(Extracted records)
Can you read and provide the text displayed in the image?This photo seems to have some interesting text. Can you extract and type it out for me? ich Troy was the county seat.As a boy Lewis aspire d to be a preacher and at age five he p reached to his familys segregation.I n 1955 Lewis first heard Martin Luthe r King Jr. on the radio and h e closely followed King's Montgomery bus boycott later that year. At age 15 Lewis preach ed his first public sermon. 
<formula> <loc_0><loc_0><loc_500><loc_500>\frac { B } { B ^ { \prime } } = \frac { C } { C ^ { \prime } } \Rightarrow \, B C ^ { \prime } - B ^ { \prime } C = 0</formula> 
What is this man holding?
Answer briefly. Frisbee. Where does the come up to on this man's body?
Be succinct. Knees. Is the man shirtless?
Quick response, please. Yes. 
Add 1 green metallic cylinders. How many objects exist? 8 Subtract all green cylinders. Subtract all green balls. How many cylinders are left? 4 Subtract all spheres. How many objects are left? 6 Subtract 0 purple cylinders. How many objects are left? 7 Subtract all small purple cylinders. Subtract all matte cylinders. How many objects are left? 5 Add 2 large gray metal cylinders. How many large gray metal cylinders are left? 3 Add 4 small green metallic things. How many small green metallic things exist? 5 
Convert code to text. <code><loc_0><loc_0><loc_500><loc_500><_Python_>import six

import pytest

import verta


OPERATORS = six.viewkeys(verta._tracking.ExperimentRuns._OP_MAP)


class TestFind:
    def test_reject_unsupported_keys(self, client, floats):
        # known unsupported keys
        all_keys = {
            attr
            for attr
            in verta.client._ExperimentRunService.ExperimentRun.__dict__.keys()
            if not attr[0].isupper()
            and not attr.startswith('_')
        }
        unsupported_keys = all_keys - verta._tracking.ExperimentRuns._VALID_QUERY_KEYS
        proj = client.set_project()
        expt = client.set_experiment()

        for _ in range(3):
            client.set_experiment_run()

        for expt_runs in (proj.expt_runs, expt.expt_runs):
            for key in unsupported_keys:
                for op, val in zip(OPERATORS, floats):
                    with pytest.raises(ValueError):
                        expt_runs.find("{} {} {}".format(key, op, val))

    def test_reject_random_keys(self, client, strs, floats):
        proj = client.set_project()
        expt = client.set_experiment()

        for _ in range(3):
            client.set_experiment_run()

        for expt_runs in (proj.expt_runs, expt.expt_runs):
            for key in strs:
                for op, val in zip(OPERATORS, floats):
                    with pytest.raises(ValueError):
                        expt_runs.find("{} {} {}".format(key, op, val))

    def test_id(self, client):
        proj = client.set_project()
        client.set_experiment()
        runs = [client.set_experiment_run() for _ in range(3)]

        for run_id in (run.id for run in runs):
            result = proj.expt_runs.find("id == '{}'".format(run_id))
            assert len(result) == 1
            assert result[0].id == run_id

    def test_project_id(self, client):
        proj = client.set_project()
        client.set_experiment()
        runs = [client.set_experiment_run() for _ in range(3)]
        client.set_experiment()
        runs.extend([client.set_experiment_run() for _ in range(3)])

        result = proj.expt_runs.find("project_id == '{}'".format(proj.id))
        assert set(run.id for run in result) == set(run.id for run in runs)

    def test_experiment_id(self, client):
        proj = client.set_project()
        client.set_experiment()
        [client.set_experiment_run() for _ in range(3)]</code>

- **WHAT THE TASK REQUIRES**:
In the records, which lines mention the word "assert"? Copy those lines.

- **ANSWER BELOW**:
            assert len(result) == 1
            assert result[0].id == run_id
        assert set(run.id for run in result) == set(run.id for run in runs)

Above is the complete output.